Phytochemicals and bioactive constituents in food packaging - A systematic review.

作者信息

Siddiqui Shahida Anusha, Khan Sipper, Mehdizadeh Mohammad, Bahmid Nur Alim, Adli Danung Nur, Walker Tony R, Perestrelo Rosa, Câmara José S

机构信息

Technical University of Munich Campus Straubing for Biotechnology and Sustainability, Essigberg 3, 94315, Straubing, Germany.

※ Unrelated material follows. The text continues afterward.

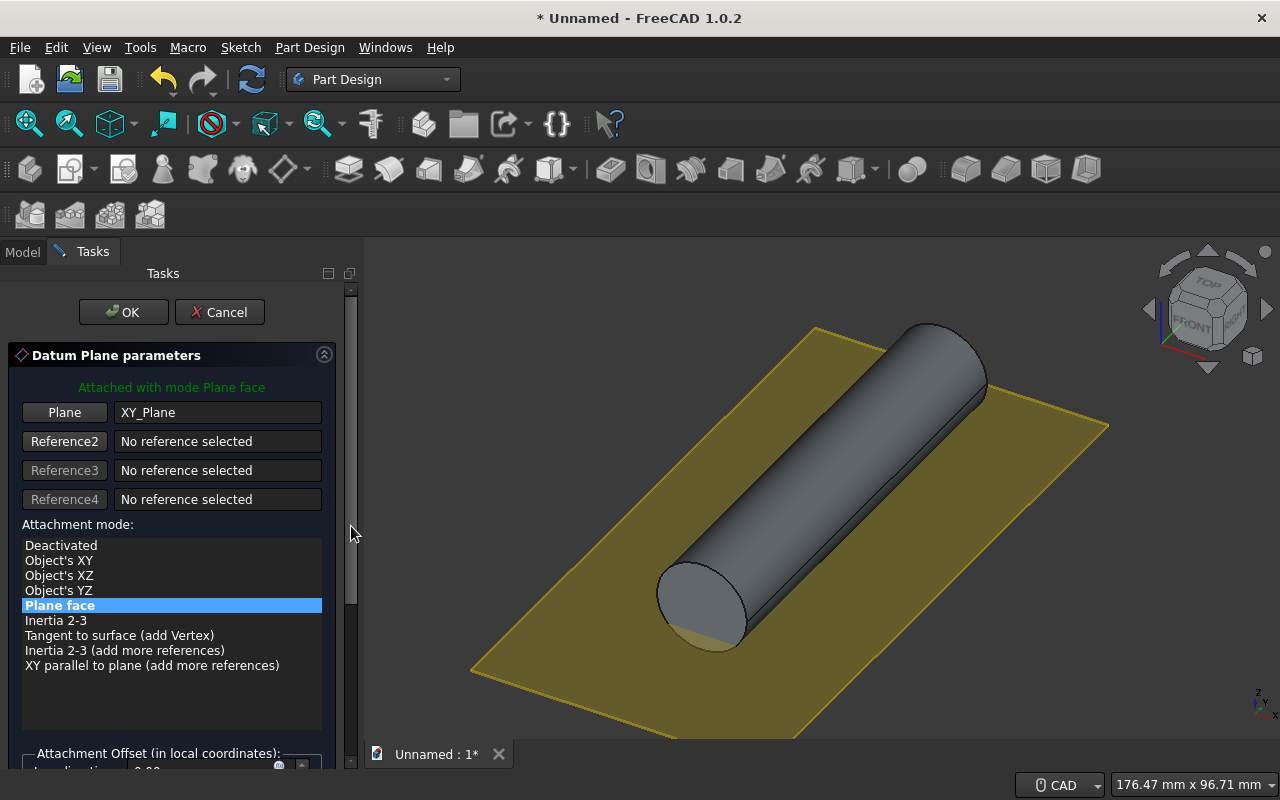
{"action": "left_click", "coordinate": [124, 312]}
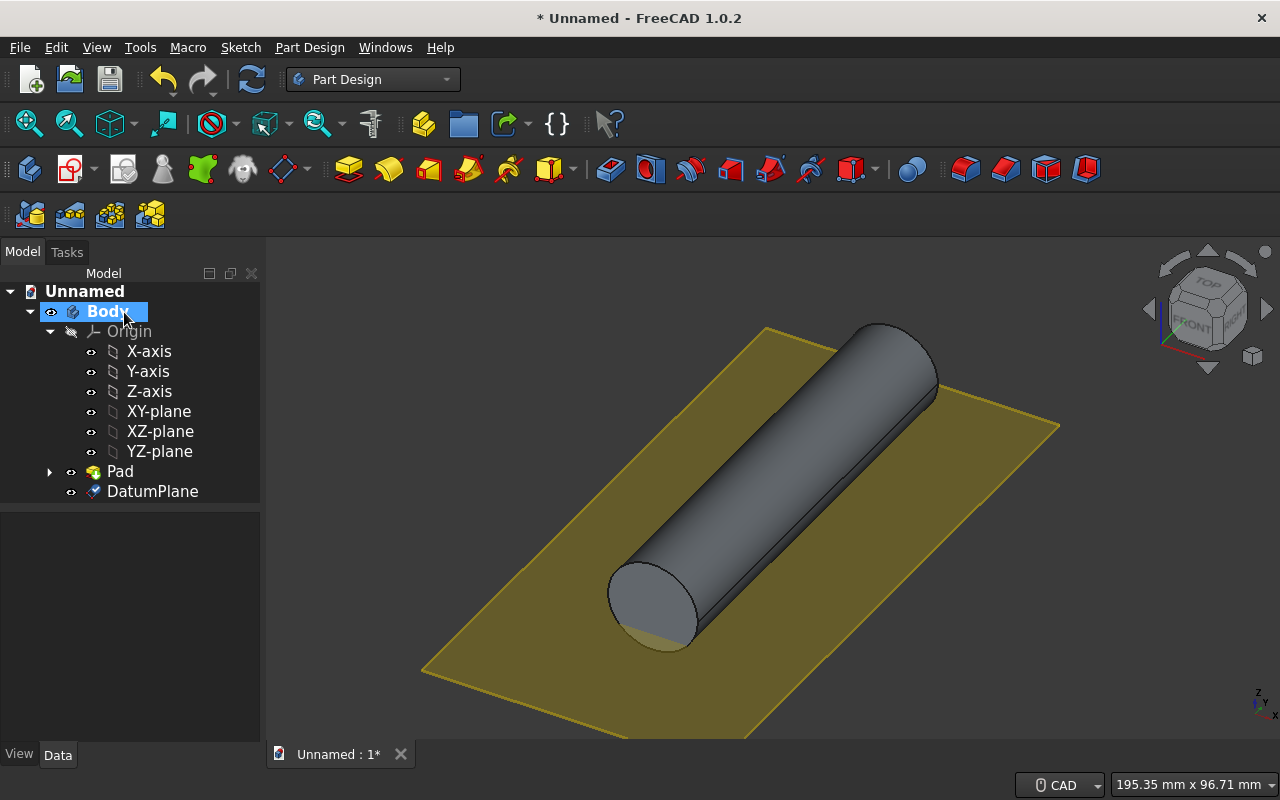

German Institute of Food Technologies (DIL e.V.), Prof.-von-Klitzing Str. 7, 49610, D-Quakenbrück, Germany.

出版信息

Heliyon. 2023 Oct 24;9(11):e21196. doi: 10.1016/j.heliyon.2023.e21196. eCollection 2023 Nov.

Abstract

Designing and manufacturing functional bioactive ingredients and pharmaceuticals have grown worldwide. Consumers demand for safe ingredients and concerns over harmful synthetic additives have prompted food manufacturers to seek safer and sustainable alternative solutions. In recent years the preference by consumers to natural bioactive agents over synthetic compounds increased exponentially, and consequently, naturally derived phytochemicals and bioactive compounds, with antimicrobial and antioxidant properties, becoming essential in food packaging field. In response to societal needs, packaging needs to be developed based on sustainable manufacturing practices, marketing strategies, consumer behaviour, environmental concerns, and the emergence of new technologies, particularly bio- and nanotechnology. This critical systematic review assessed the role of antioxidant and antimicrobial compounds from natural resources in food packaging and consumer behaviour patterns in relation to phytochemical and biologically active substances used in the development of food packaging. The use of phytochemicals and bioactive compounds inside packaging materials used in food industry could generate unpleasant odours derived from the diffusion of the most volatile compounds from the packaging material to the food and food environment. These consumer concerns must be addressed to understand minimum concentrations that will not affect consumer sensory and aroma negative perceptions. The research articles were carefully chosen and selected by following the Preferred Reporting Items for Systematic Reviews (PRISMA) guidelines.

摘要

设计和制造功能性生物活性成分及药品在全球范围内不断发展。消费者对安全成分的需求以及对有害合成添加剂的担忧促使食品制造商寻求更安全、可持续的替代解决方案。近年来,消费者对天然生物活性剂的偏好相较于合成化合物呈指数级增长,因此,具有抗菌和抗氧化特性的天然来源植物化学物质和生物活性化合物在食品包装领域变得至关重要。为响应社会需求,包装需要基于可持续制造实践、营销策略、消费者行为、环境问题以及新技术(特别是生物和纳米技术)的出现来开发。这篇关键的系统综述评估了天然资源中的抗氧化和抗菌化合物在食品包装中的作用,以及与食品包装开发中使用的植物化学物质和生物活性物质相关的消费者行为模式。食品工业中使用的包装材料内部使用植物化学物质和生物活性化合物可能会产生令人不快的气味,这是由于包装材料中挥发性最强的化合物扩散到食品和食品环境中所致。必须解决这些消费者担忧,以了解不会影响消费者感官和香气负面认知的最低浓度。研究文章是按照系统评价的首选报告项目(PRISMA)指南精心挑选的。